Information supplied ▸

........

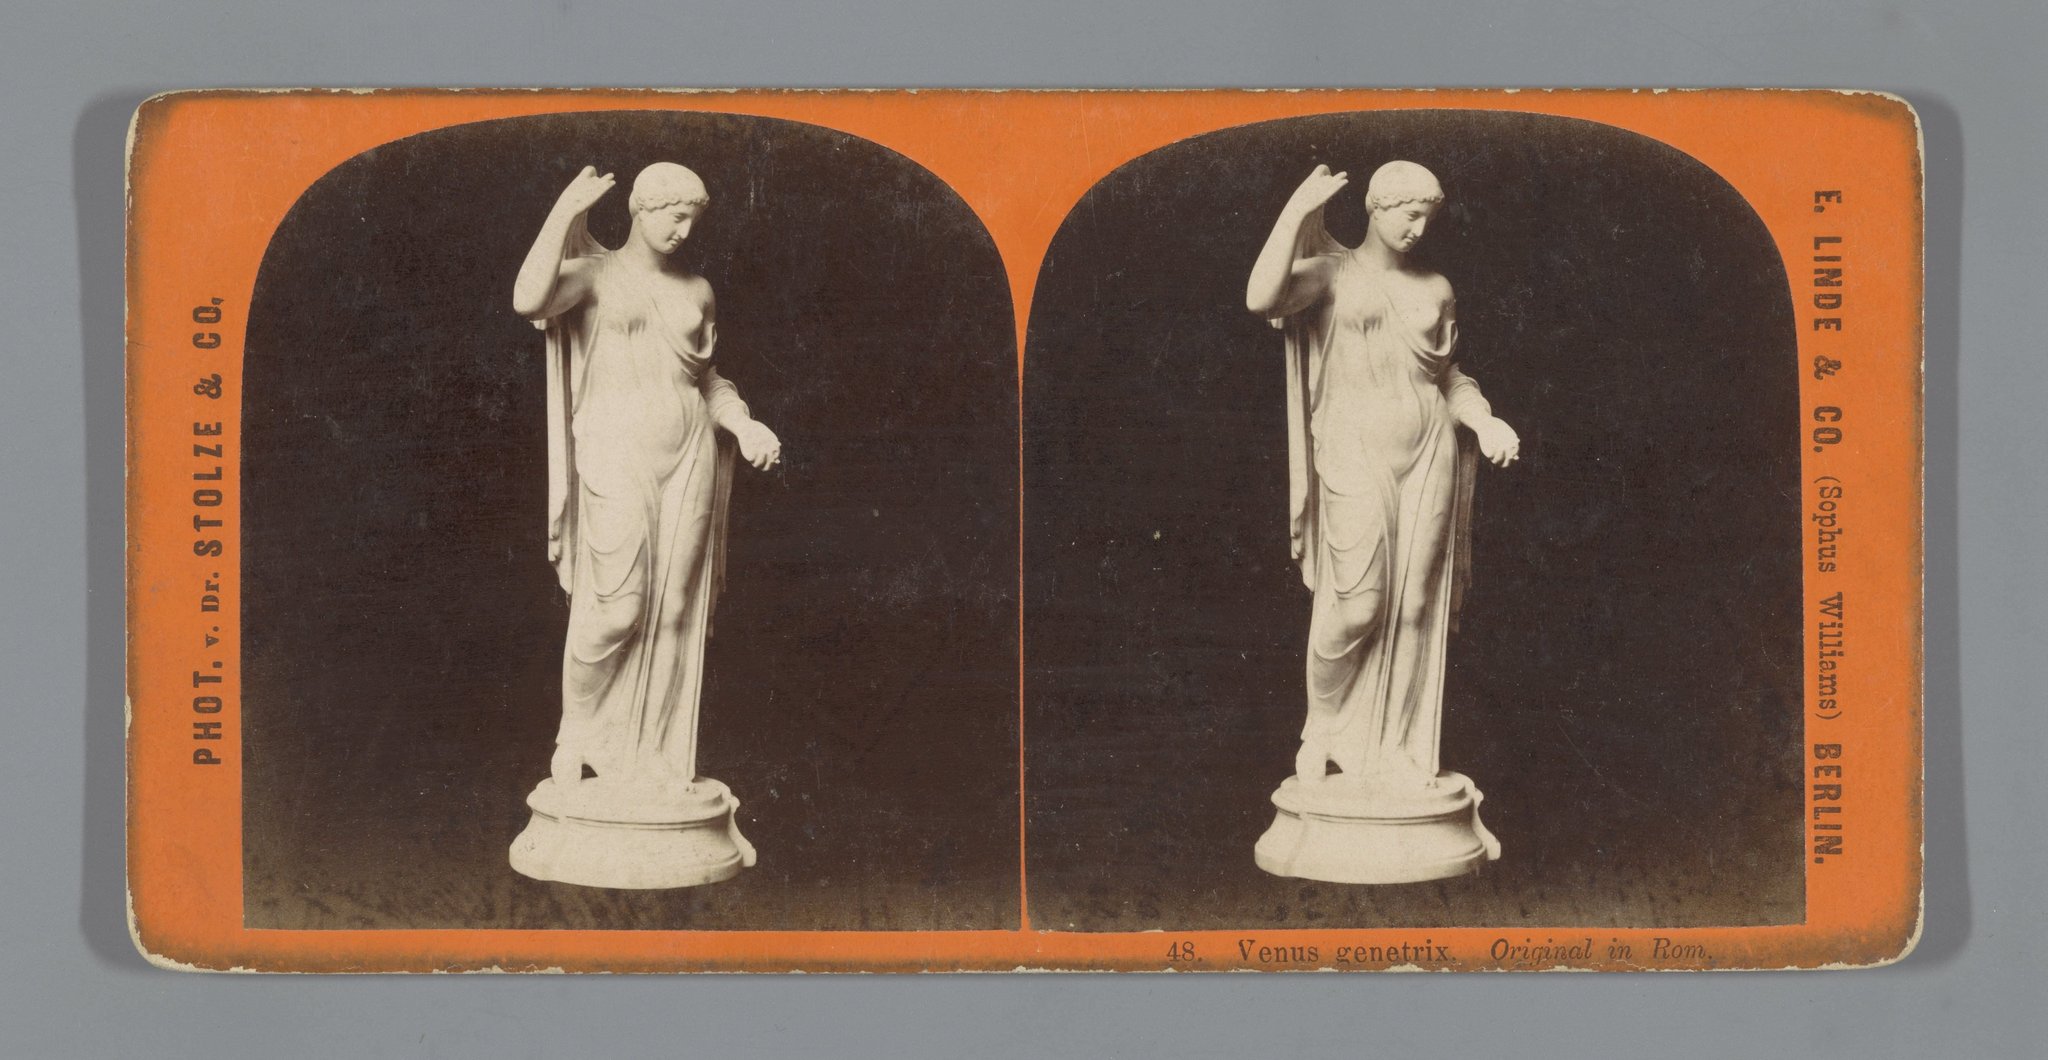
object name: stereograph
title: Sculptuur van Venus als moedergodin
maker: karl heinrich franz stolze
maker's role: fotograaf
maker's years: 1836-1910
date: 1855-1890
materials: cardboard, photographic support
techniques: albumen print
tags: (story of) venus (aphrodite), sculpture
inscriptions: : ‘Berlin’, number: ‘48’

........

Description of the task ▸ Omit the pictures and output all of the other material exactly.

Answer box ▸
object name: stereograph
title: Sculptuur van Venus als moedergodin
maker: karl heinrich franz stolze
maker's role: fotograaf
maker's years: 1836-1910
date: 1855-1890
materials: cardboard, photographic support
techniques: albumen print
tags: (story of) venus (aphrodite), sculpture
inscriptions: : ‘Berlin’, number: ‘48’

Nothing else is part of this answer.